Continuing to highlight some shortcomings of Calvinism, I’m drawing on the late Dr. Clark Pinnock’s essay “From Augustine to Arminius:  A Pilgrimage in Theology.”  The entire essay may be accessed here:  http://www.pinpointevangelism.com/libraryoftheologycom/writings/calvinismarminianism/FromAugustineToArminius-Pinnock.pdf

Below, Pinnock admits struggle with deterministic sovereignty, and I’m not sure he acknowledges all the possibilities.  In other words, when he says he could not reconcile (“shake off”) total omniscience with human free will, that doesn’t mean that God can’t somehow reconcile the two, beyond our comprehension.

Finally I had to rethink the divine omniscience and reluctantly ask whether we ought to think of it as an exhaustive foreknowledge of everything that will ever happen, as even most Arminians do.  I found I could not shake off the intuition that such a total omniscience would necessarily mean that everything we will ever choose in the future will have been already spelled out in the divine knowledge register, and consequently the belief that we have truly significant choices to make would seem to be mistaken.  I knew the Calvinist argument that exhaustive foreknowledge was tantamount to predestination because it implies the fixity of all things from “eternity past,” and I could not shake off its logical force.  I feared that, if we view God as timeless and omniscient, we will land back in the camp of theological determinism where these notions naturally belong.  It makes no sense to espouse conditionality and then threaten it by other assumptions that we make.

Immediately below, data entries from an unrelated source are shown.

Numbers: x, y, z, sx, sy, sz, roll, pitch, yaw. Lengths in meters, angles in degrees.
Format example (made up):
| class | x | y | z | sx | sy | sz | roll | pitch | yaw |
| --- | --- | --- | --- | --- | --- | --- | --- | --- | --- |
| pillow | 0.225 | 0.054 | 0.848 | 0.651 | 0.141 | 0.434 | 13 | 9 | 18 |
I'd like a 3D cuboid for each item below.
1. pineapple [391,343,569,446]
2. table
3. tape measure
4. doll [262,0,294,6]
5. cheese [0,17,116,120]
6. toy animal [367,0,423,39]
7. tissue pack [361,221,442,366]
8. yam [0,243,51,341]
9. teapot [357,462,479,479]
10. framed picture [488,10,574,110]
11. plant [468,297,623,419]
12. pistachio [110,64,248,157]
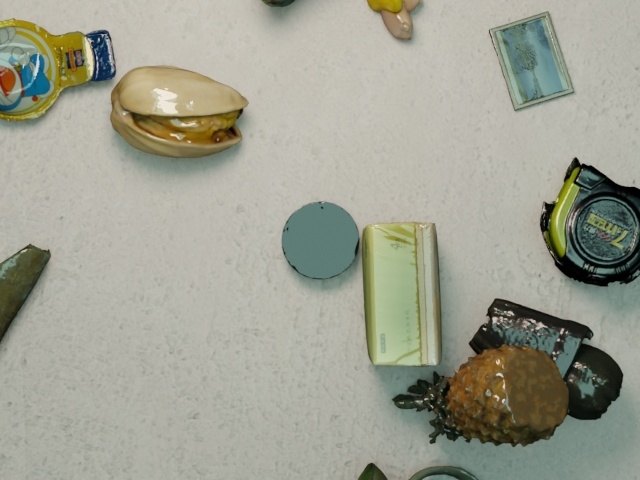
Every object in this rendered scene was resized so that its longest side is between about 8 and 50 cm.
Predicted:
| class | x | y | z | sx | sy | sz | roll | pitch | yaw |
| --- | --- | --- | --- | --- | --- | --- | --- | --- | --- |
| pineapple | 0.237 | 0.259 | 1.817 | 0.169 | 0.340 | 0.169 | 9 | 72 | -29 |
| table | 0.000 | 0.000 | 1.945 | 0.133 | 0.043 | 0.133 | 0 | 88 | -1 |
| tape measure | 0.461 | -0.017 | 1.914 | 0.199 | 0.112 | 0.186 | 27 | 81 | 6 |
| doll | -0.097 | -0.533 | 1.904 | 0.177 | 0.161 | 0.261 | -43 | 90 | 20 |
| cheese | -0.483 | -0.296 | 1.942 | 0.270 | 0.069 | 0.177 | -10 | 88 | 0 |
| toy animal | 0.138 | -0.404 | 1.940 | 0.082 | 0.091 | 0.114 | -35 | 87 | -15 |
| tissue pack | 0.133 | 0.087 | 1.884 | 0.125 | 0.159 | 0.234 | -2 | 88 | 0 |
| yam | -0.554 | 0.111 | 1.914 | 0.106 | 0.106 | 0.259 | 29 | 88 | 1 |
| teapot | 0.200 | 0.501 | 1.870 | 0.337 | 0.200 | 0.270 | 25 | 55 | -1 |
| framed picture | 0.364 | -0.310 | 1.971 | 0.109 | 0.011 | 0.149 | -18 | 88 | 0 |
| plant | 0.375 | 0.198 | 1.893 | 0.256 | 0.142 | 0.164 | 33 | 88 | 12 |
| pistachio | -0.238 | -0.215 | 1.910 | 0.229 | 0.157 | 0.157 | 8 | 88 | -5 |
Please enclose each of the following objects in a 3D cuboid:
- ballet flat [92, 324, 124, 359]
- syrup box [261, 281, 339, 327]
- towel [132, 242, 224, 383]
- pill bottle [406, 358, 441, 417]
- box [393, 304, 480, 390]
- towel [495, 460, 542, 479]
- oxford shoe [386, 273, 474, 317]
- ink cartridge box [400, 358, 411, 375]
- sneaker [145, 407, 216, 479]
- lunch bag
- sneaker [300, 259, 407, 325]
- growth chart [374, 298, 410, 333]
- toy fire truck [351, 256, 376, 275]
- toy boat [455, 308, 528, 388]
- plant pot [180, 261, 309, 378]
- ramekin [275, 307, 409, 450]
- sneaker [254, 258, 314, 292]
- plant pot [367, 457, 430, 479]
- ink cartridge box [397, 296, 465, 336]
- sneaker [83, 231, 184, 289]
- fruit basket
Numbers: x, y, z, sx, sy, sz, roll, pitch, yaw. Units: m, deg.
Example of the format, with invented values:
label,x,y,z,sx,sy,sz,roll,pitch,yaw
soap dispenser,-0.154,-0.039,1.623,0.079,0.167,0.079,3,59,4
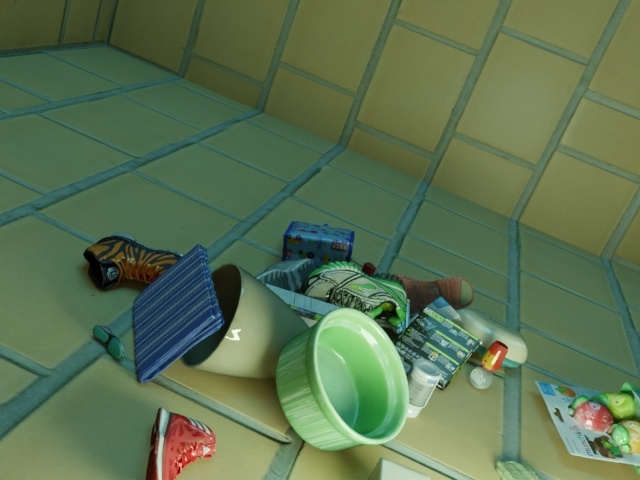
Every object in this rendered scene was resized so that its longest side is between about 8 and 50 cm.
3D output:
label,x,y,z,sx,sy,sz,roll,pitch,yaw
ballet flat,-0.472,0.230,1.602,0.114,0.041,0.041,36,27,30
syrup box,-0.073,0.205,1.929,0.236,0.093,0.096,18,23,-8
towel,-0.340,0.164,1.649,0.040,0.243,0.336,47,8,-31
pill bottle,0.243,0.373,1.769,0.078,0.137,0.078,19,23,-8
box,0.323,0.301,1.995,0.190,0.045,0.184,32,60,25
towel,0.490,0.579,1.664,0.110,0.027,0.148,9,26,-26
oxford shoe,0.292,0.193,2.280,0.396,0.141,0.146,3,-16,-16
ink cartridge box,0.139,0.329,1.861,0.175,0.072,0.127,37,26,34
sneaker,-0.257,0.403,1.337,0.128,0.087,0.221,13,25,-15
lunch bag,0.000,0.000,2.344,0.220,0.138,0.293,8,22,3
sneaker,0.106,0.157,2.017,0.343,0.134,0.146,11,43,-22
growth chart,0.164,0.201,2.134,0.237,0.021,0.172,14,46,2
toy fire truck,0.084,0.069,2.431,0.135,0.047,0.192,-3,31,-45
toy boat,0.497,0.327,2.120,0.267,0.148,0.318,28,15,3
plant pot,-0.149,0.222,1.671,0.274,0.256,0.256,28,17,-29
ramekin,0.044,0.315,1.560,0.303,0.148,0.304,29,45,-35
sneaker,-0.135,0.125,2.094,0.115,0.105,0.281,0,10,35
plant pot,0.146,0.521,1.408,0.109,0.109,0.096,21,36,0
ink cartridge box,0.328,0.264,2.112,0.060,0.180,0.104,55,-2,-40
sneaker,-0.480,0.087,1.837,0.321,0.125,0.180,17,24,20
fruit basket,0.810,0.499,1.952,0.352,0.166,0.327,15,23,-6
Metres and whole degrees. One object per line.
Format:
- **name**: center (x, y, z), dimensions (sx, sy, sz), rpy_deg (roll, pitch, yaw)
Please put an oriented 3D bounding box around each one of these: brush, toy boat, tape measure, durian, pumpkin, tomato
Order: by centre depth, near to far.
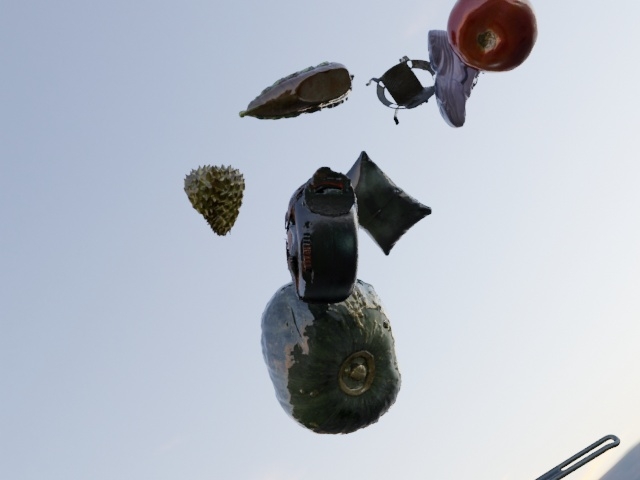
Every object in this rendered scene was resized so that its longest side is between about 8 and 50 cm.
- **brush**: center (0.285, 0.326, 0.950), dimensions (0.266, 0.027, 0.062), rpy_deg (-44, 7, 26)
- **tape measure**: center (0.000, 0.000, 1.239), dimensions (0.134, 0.223, 0.202), rpy_deg (-1, -8, -9)
- **pumpkin**: center (0.024, 0.219, 1.450), dimensions (0.291, 0.257, 0.328), rpy_deg (-10, -80, -32)
- **tomato**: center (0.368, -0.452, 1.511), dimensions (0.136, 0.195, 0.195), rpy_deg (-54, -15, -46)
- **toy boat**: center (-0.044, -0.338, 1.634), dimensions (0.292, 0.109, 0.099), rpy_deg (-23, 10, -22)
- **durian**: center (-0.257, -0.115, 1.767), dimensions (0.132, 0.165, 0.183), rpy_deg (85, -158, -48)

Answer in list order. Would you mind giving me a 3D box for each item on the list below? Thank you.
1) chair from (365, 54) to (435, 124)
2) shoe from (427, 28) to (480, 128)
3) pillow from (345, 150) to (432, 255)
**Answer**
- **chair**: center (0.226, -0.408, 1.891), dimensions (0.174, 0.149, 0.213), rpy_deg (-35, 7, -3)
- **shoe**: center (0.338, -0.394, 1.694), dimensions (0.137, 0.245, 0.095), rpy_deg (-10, -4, 9)
- **pillow**: center (0.143, -0.095, 1.858), dimensions (0.186, 0.249, 0.106), rpy_deg (-47, 7, 26)
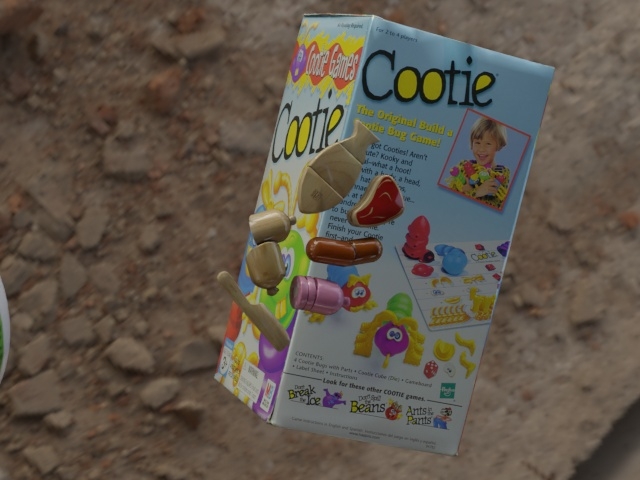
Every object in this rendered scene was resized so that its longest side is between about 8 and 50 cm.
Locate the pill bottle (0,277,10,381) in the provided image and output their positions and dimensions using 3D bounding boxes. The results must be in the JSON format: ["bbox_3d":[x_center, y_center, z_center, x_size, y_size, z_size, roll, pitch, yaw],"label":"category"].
[{"bbox_3d":[-0.200,0.073,0.496,0.136,0.136,0.245,41,23,-10],"label":"pill bottle"}]

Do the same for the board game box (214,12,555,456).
[{"bbox_3d":[0.040,-0.008,1.092,0.144,0.142,0.275,13,94,-21],"label":"board game box"}]

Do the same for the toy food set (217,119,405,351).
[{"bbox_3d":[0.000,0.000,0.860,0.122,0.019,0.078,-44,106,-16],"label":"toy food set"}]

Therefore, I had to ask myself if it was biblically possible to hold that God knows everything that can be known, but that free choices would not be something that can be known even by God because they are not yet settled in reality.  Decisions not yet made do not exist anywhere to be known even by God.  They are potential—yet to be realized but not yet actual.  God can predict a great deal of what we will choose to do, but not all of it, because some of it remains hidden in the mystery of human freedom.  Can this conjecture be scriptural?

. . .

Pinnock continues, dealing with God’s openness. . . .

Evidently the logic of Calvinism had worked effectively to silence some of the biblical data even for me. . . .  God too moves into a future not wholly known because [they are] not yet fixed.  At times God even asks himself questions like “What shall I do with you?” (Hosea 6:4).

Most Bible readers simply pass over this evidence and do not take it seriously.  They assume the traditional notion of exhaustive omniscience supported more by the old logic than by the biblical text. . . .  The God of the Bible displays an openness to the future that the traditional view of omniscience simply cannot accommodate.